L’Institut M. PLanck à Dresde vu par les BTS 1

Max Plankt  Institute

C’est un institut de recherche,  autrefois centre de stratégie militaire,  qui emploie environ  400 personnes, des « humains » et des  « scientifiques » (rires) . L’institut fut fondé en 1948 et compte 80 instituts en Allemagne, et 3 à Dresde. L’institut a récemment eu un prix Nobel en physique.

Le but est de comprendre les choses pour en faire des applications, notamment dans le domaine de la médecine.  Plus précisément,  la question pour les biologistes est de comprendre comment les cellules fonctionnent  pour former des tissus.

60% du personnel est  « non German » ceci voulant dire que l’institut est international et accueille des chercheurs (souvent de jeunes docteurs en science) du monde entier.
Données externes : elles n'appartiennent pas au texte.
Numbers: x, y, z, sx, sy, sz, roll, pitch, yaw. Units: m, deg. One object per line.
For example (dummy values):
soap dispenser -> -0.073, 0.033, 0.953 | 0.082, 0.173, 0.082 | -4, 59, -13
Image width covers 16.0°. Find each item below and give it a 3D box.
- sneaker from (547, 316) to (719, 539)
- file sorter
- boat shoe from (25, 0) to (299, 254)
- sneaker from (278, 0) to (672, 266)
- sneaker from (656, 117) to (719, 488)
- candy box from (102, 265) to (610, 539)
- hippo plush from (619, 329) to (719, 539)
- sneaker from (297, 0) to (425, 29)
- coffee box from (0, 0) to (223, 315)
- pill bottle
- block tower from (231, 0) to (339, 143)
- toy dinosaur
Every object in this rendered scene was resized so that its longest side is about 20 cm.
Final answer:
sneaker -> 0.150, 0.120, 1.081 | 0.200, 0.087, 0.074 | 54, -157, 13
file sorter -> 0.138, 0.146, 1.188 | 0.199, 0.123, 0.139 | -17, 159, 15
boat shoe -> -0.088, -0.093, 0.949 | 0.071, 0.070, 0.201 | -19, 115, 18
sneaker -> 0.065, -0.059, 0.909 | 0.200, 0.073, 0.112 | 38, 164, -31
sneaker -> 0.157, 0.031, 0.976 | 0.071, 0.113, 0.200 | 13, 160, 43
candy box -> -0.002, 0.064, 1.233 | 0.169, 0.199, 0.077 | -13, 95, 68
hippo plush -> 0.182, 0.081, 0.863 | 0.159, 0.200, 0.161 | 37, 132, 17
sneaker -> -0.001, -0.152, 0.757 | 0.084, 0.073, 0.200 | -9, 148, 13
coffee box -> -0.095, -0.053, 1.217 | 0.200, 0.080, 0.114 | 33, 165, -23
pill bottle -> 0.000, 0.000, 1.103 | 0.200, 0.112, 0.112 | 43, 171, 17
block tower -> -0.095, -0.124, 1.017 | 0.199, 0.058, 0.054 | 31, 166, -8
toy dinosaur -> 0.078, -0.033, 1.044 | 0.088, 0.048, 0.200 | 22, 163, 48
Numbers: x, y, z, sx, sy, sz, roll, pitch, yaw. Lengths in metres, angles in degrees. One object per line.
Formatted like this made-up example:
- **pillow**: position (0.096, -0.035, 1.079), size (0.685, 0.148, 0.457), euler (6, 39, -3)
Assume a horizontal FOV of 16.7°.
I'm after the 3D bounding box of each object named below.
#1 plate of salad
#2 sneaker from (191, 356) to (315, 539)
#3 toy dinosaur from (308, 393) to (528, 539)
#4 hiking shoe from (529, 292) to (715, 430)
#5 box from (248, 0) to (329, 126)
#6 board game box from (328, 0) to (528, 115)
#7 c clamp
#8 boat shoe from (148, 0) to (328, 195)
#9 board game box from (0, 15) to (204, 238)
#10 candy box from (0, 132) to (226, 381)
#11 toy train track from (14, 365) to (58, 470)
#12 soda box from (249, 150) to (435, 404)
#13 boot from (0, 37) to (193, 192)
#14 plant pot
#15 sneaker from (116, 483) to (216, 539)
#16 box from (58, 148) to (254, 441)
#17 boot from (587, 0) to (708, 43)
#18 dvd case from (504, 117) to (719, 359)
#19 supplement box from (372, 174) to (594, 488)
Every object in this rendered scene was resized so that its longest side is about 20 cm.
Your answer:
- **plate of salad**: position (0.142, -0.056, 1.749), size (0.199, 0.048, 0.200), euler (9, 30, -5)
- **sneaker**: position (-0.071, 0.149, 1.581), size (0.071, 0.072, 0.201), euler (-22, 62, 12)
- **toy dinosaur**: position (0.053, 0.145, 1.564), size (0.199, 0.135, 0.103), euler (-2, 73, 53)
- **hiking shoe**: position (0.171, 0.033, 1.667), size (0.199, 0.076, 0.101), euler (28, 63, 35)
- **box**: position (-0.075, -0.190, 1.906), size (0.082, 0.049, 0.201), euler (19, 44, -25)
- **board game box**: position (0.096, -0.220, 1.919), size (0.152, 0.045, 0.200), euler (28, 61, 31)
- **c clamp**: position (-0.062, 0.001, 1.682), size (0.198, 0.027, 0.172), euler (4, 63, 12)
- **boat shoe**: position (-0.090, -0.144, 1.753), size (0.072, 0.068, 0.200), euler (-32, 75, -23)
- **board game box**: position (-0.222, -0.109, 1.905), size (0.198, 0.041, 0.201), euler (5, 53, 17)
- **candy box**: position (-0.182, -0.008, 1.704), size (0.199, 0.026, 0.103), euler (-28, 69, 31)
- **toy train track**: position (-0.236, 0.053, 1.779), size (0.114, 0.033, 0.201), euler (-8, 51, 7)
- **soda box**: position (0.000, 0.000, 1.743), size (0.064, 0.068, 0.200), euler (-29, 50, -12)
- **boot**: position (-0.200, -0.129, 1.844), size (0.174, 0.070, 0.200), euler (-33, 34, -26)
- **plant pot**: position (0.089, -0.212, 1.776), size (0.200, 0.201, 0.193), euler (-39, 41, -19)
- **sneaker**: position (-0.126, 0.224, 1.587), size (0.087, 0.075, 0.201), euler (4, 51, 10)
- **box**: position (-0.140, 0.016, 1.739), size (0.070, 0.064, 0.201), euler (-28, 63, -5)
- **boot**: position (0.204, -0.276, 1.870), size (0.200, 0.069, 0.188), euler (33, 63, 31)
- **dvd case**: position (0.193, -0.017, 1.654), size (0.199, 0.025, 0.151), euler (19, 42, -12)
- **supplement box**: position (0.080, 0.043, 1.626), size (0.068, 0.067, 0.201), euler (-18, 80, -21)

L’institut vit de subsides publiques  (état allemand, union européenne …).  Le chercheur qui peut s’inscrire dans 1 programme de recherche vit de l’argent que son pays lui verse, l’institut Max Plankt assurant toute la logistique de sa recherche. Des centaines de jeunes chercheurs africains postulent chaque année pour intégrer le centre. Seuls quelques-uns sont pris.

L’anglais est la langue du centre que ce soit dans les bureaux, dans les labos où dans toute autre instance liée  au centre. On veut ainsi attirer les chercheurs du monde entier.

L’ambiance que l’on veut faire régner au centre est appelé « flat hierarchy ». On veut encourager la communication entre les départements en créant des groupes de recherche composés de membres issus des différents départements qui interagissent entre eux par des réunions mensuelles censées résoudre les problèmes.  L’implication des chercheurs est la règle. Ne pas se cantonner à son domaine ou à la résolution des problèmes posés dans son domaine, mais partager avec d’autres chercheurs la résolution des problèmes rencontrés. Les contrats  sont établis sur 5 ans, ce qui fait dire qu’on ne vieillit pas au centre, qu’il faut un jour partir et laisser la place à un autre jeune chercheur. Les chercheurs sont aussi flexibles et peuvent travailler chez eux. La vie de famille est préservée par l’installation de mini crèches dans le centre ou lors de colloques et autres conférences où les épouses/époux sont invités chaleureusement.

Toujours pour encourager la communication, l’architecture du centre favorise cet état d’esprit  avec notamment  l’installation d’une « market place » reliant les 2 grands blocs et où se prennent les cafés les «  beer sessions» et autres divertissements. Enfin, dans les labos qui peuvent désservir plusieurs départements, l’installation de plexiglass permet la discussion entre les chercheurs.

Les animaux étudiés ( mouche drosophile, C. elegans, zebra fish, souris ) sont intéressants s à étudier car ils se développent vite et partagent 70% de leurs gènes avec les humains.  Depuis plusieurs années, on étudie la division cellulaire chez le zebrafish, petit poisson d’origine indienne, dont la division cellulaire s’opère toute les 7 minutes. Les embryons sont étudiés en laboratoire à l’aide de techniques microscopiques, de nouveaux appareils optiques et de nouveaux logiciels. Ces poissons vivent dans 250 000 réservoirs qui furent mis en place par un chauffeur de taxi qui, un jour, a amené 1 homme dont la mission était de vérifier la conformité  de ces réservoirs. Cet homme a fait part de sa mission au chauffeur de taxi qui n’était autre qu’un passionné de cette espèce. C’est ainsi que ce chauffeur fut employé à la construction de ces réservoirs (rires).